Under The Farmers Produce Trade and Commerce (Promotion and Facilitation) Act, 2020, farmers will be freed from the grip of the middleman, and they will be able to sell their produce to the buyers from across the country at a price they deem to be fair and at a time of their choosing.

Meanwhile, under The Farmers (Empowerment and Protection) Agreement on Price Assurance and Farm Services Act, 2020, farmers can opt for contract farming with agriculture trade firms, wholesalers, big retailers and exporters. The provision of market linkages at the sowing stage itself will insulate them from production and price vagaries.

Through these Acts, we are enabling the farmers to produce as per their will and convenience and that they should not be bound by selling only to the APMCs. The farmer should have the control over his crop and he should have the right to decide the price of the crop. These Acts will be the catalysts to the promise we made to the nation of doubling farmer’s income by 2022.

Q: The sugarcane farmers particularly were upset, thousands committed suicide and successive governments have promised assistance, but nothing happened. Is Modi government simply doing lip service?

A: The Modi government is not only committed to increasing farmers’ incomes, but also their welfare. The last Cabinet Committee headed by the Prime Minister approved an assistance of about Rs 3,500 crore for sugarcane farmers. This will benefit five crore sugarcane farmers and their dependents.

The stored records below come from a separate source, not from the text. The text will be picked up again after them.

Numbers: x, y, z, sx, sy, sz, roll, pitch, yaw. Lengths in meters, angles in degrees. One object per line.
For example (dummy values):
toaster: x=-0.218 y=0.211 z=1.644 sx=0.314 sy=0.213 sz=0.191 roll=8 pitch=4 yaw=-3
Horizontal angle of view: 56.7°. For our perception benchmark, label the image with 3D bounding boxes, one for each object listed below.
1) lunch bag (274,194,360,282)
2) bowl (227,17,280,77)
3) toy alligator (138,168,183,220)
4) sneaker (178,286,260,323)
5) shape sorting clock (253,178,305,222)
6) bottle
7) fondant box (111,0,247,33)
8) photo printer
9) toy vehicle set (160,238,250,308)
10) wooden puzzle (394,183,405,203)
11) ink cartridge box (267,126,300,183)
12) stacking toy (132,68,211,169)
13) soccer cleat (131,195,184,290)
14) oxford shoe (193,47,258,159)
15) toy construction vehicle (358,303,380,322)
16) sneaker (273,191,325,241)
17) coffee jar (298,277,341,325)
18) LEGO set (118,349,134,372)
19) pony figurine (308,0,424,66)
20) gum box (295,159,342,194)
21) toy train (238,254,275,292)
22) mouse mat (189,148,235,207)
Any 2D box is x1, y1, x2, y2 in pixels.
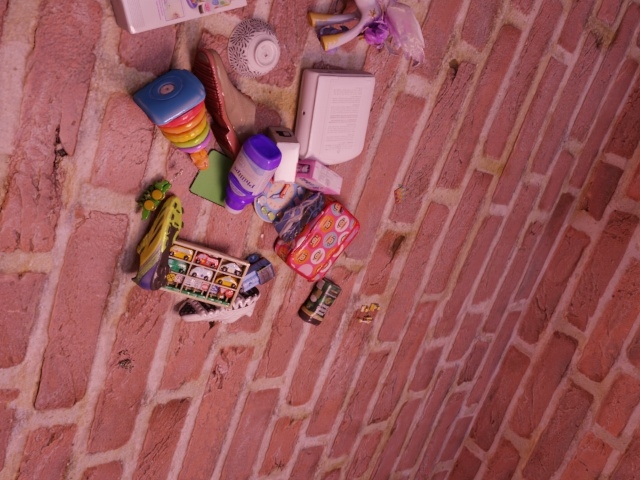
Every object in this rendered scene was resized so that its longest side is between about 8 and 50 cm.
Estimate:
lunch bag: x=0.000 y=0.000 z=2.140 sx=0.293 sy=0.120 sz=0.258 roll=-51 pitch=139 yaw=-1
bowl: x=-0.173 y=-0.542 z=1.699 sx=0.170 sy=0.080 sz=0.170 roll=-20 pitch=126 yaw=-31
toy alligator: x=-0.471 y=-0.144 z=1.711 sx=0.051 sy=0.056 sz=0.190 roll=37 pitch=89 yaw=-5
sneaker: x=-0.339 y=0.237 z=2.009 sx=0.291 sy=0.110 sz=0.118 roll=-10 pitch=129 yaw=-35
shape sorting clock: x=-0.133 y=-0.152 z=1.987 sx=0.206 sy=0.040 sz=0.206 roll=-19 pitch=126 yaw=-30
bottle: x=-0.216 y=-0.188 z=1.776 sx=0.092 sy=0.118 sz=0.283 roll=-38 pitch=171 yaw=-44
fondant box: x=-0.360 y=-0.673 z=1.459 sx=0.330 sy=0.096 sz=0.239 roll=-25 pitch=128 yaw=-25
photo printer: x=0.042 y=-0.398 z=1.939 sx=0.255 sy=0.107 sz=0.308 roll=-11 pitch=121 yaw=-35
toy vehicle set: x=-0.378 y=0.104 z=1.874 sx=0.266 sy=0.035 sz=0.166 roll=19 pitch=103 yaw=-22
wooden puzzle: x=0.314 y=-0.186 z=2.358 sx=0.049 sy=0.006 sz=0.083 roll=-32 pitch=131 yaw=-21
ink cartridge box: x=-0.120 y=-0.266 z=1.831 sx=0.072 sy=0.175 sz=0.128 roll=1 pitch=116 yaw=-15
stacking toy: x=-0.368 y=-0.305 z=1.647 sx=0.165 sy=0.175 sz=0.302 roll=-36 pitch=144 yaw=-14
soccer cleat: x=-0.487 y=0.003 z=1.752 sx=0.093 sy=0.121 sz=0.290 roll=20 pitch=85 yaw=-74
oxford shoe: x=-0.261 y=-0.402 z=1.691 sx=0.130 sy=0.123 sz=0.348 roll=-36 pitch=143 yaw=-22
toy construction vehicle: x=0.210 y=0.313 z=2.545 sx=0.098 sy=0.035 sz=0.086 roll=6 pitch=110 yaw=-41
sneaker: x=-0.071 y=-0.093 z=2.002 sx=0.211 sy=0.081 sz=0.080 roll=-42 pitch=146 yaw=-8
coffee jar: x=-0.003 y=0.239 z=2.296 sx=0.096 sy=0.079 sz=0.185 roll=27 pitch=96 yaw=-45
LEGO set: x=-0.628 y=0.390 z=1.917 sx=0.054 sy=0.023 sz=0.083 roll=-4 pitch=104 yaw=-40
pony figurine: x=0.153 y=-0.691 z=1.778 sx=0.363 sy=0.303 sz=0.351 roll=-20 pitch=119 yaw=-11
gum box: x=-0.021 y=-0.210 z=1.965 sx=0.188 sy=0.107 sz=0.062 roll=25 pitch=74 yaw=-56
toy train: x=-0.247 y=0.118 z=2.006 sx=0.184 sy=0.105 sz=0.080 roll=-30 pitch=130 yaw=-23
mouse mat: x=-0.304 y=-0.185 z=1.852 sx=0.189 sy=0.007 sz=0.153 roll=25 pitch=98 yaw=-44
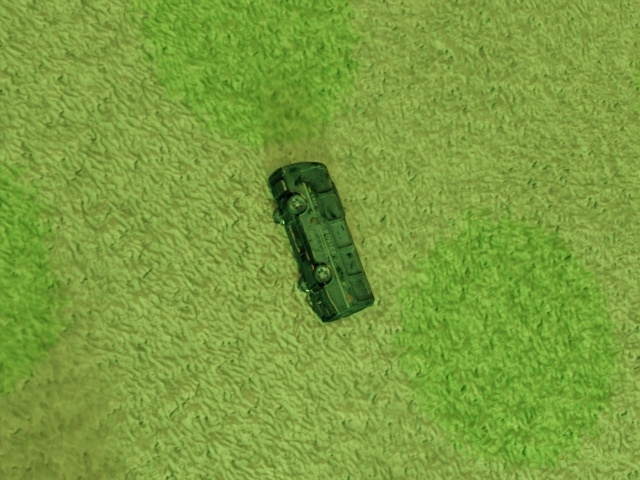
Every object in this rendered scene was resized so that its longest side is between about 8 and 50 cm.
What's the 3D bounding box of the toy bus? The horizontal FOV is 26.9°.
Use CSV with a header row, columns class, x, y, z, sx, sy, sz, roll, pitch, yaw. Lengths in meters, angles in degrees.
class,x,y,z,sx,sy,sz,roll,pitch,yaw
toy bus,0.000,0.000,1.375,0.065,0.047,0.166,-16,81,-27
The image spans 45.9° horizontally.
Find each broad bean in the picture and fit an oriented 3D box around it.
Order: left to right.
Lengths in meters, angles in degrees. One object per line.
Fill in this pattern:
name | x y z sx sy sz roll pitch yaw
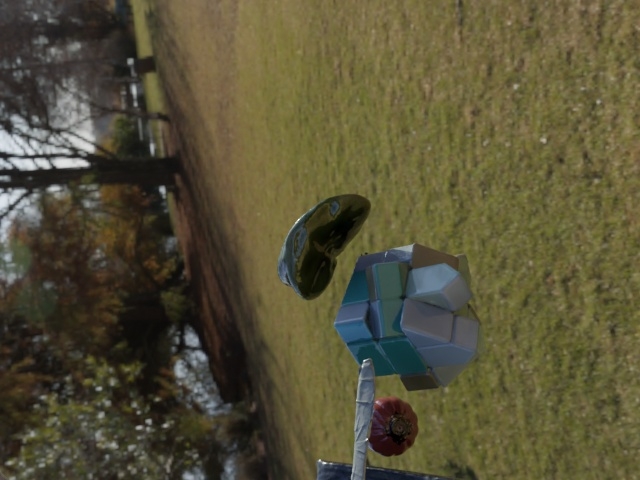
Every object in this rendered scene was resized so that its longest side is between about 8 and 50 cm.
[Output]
broad bean | 0.002 0.002 1.303 0.072 0.153 0.207 35 99 31

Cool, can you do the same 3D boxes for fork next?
fork | 0.017 0.104 0.330 0.012 0.016 0.115 59 -149 -45

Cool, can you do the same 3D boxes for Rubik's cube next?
Rubik's cube | 0.165 0.112 1.265 0.265 0.213 0.224 58 -144 -30

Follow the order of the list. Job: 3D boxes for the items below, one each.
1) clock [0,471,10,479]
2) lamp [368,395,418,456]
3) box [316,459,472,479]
clock | -0.390 0.238 0.596 0.235 0.309 0.166 -59 11 17
lamp | 0.124 0.334 1.358 0.092 0.107 0.107 151 112 -69
box | 0.188 0.481 1.306 0.359 0.350 0.091 53 -135 -48
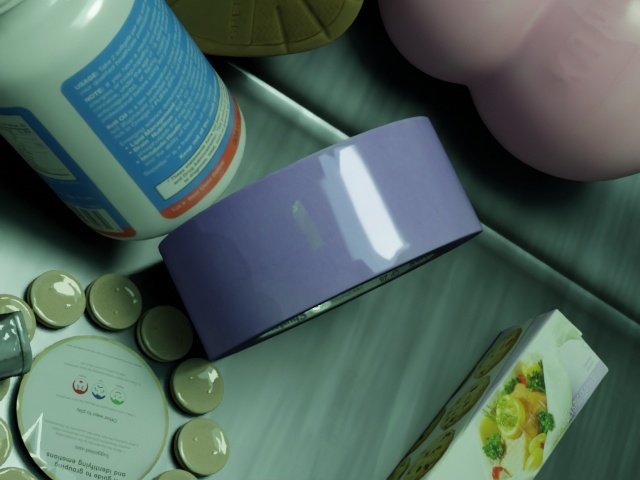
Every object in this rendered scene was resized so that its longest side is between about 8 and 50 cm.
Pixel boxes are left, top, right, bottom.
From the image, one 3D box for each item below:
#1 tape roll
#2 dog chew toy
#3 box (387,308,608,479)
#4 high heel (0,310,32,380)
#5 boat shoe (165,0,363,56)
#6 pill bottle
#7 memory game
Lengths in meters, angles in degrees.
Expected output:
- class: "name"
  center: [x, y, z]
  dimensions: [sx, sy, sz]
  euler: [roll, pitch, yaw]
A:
- class: "tape roll"
  center: [0.000, 0.000, 0.929]
  dimensions: [0.189, 0.189, 0.080]
  euler: [-22, 83, -37]
- class: "dog chew toy"
  center: [0.138, -0.189, 1.097]
  dimensions: [0.331, 0.206, 0.207]
  euler: [33, 56, -10]
- class: "box"
  center: [0.084, 0.171, 0.994]
  dimensions: [0.063, 0.067, 0.324]
  euler: [48, 54, -7]
- class: "high heel"
  center: [-0.281, -0.019, 0.816]
  dimensions: [0.186, 0.093, 0.261]
  euler: [-18, 85, -36]
- class: "boat shoe"
  center: [-0.143, -0.182, 0.969]
  dimensions: [0.341, 0.122, 0.110]
  euler: [0, 36, -25]
- class: "pill bottle"
  center: [-0.142, -0.107, 0.861]
  dimensions: [0.221, 0.124, 0.124]
  euler: [55, 43, -48]
- class: "memory game"
  center: [-0.138, 0.105, 0.908]
  dimensions: [0.186, 0.012, 0.186]
  euler: [13, 65, -29]

In addition to this, there are about five lakh workers employed in the sugar mills and ancillary activities; and their livelihoods depend on the sugar industry.

Farmers sell their sugarcane to the sugar mills. However, the farmers are not getting their dues from the sugar mill owners as they have surplus sugar stock. To address this concern, the government is facilitating the evacuation of surplus sugar stock. This will enable payment of dues of the sugarcane farmers. The government will incur about Rs 3,500 crore for this purpose, and this assistance would be directly credited into the farmers’ accounts on behalf of the sugar mills against cane price dues and the subsequent balance, if any, would be credited to the mill’s account.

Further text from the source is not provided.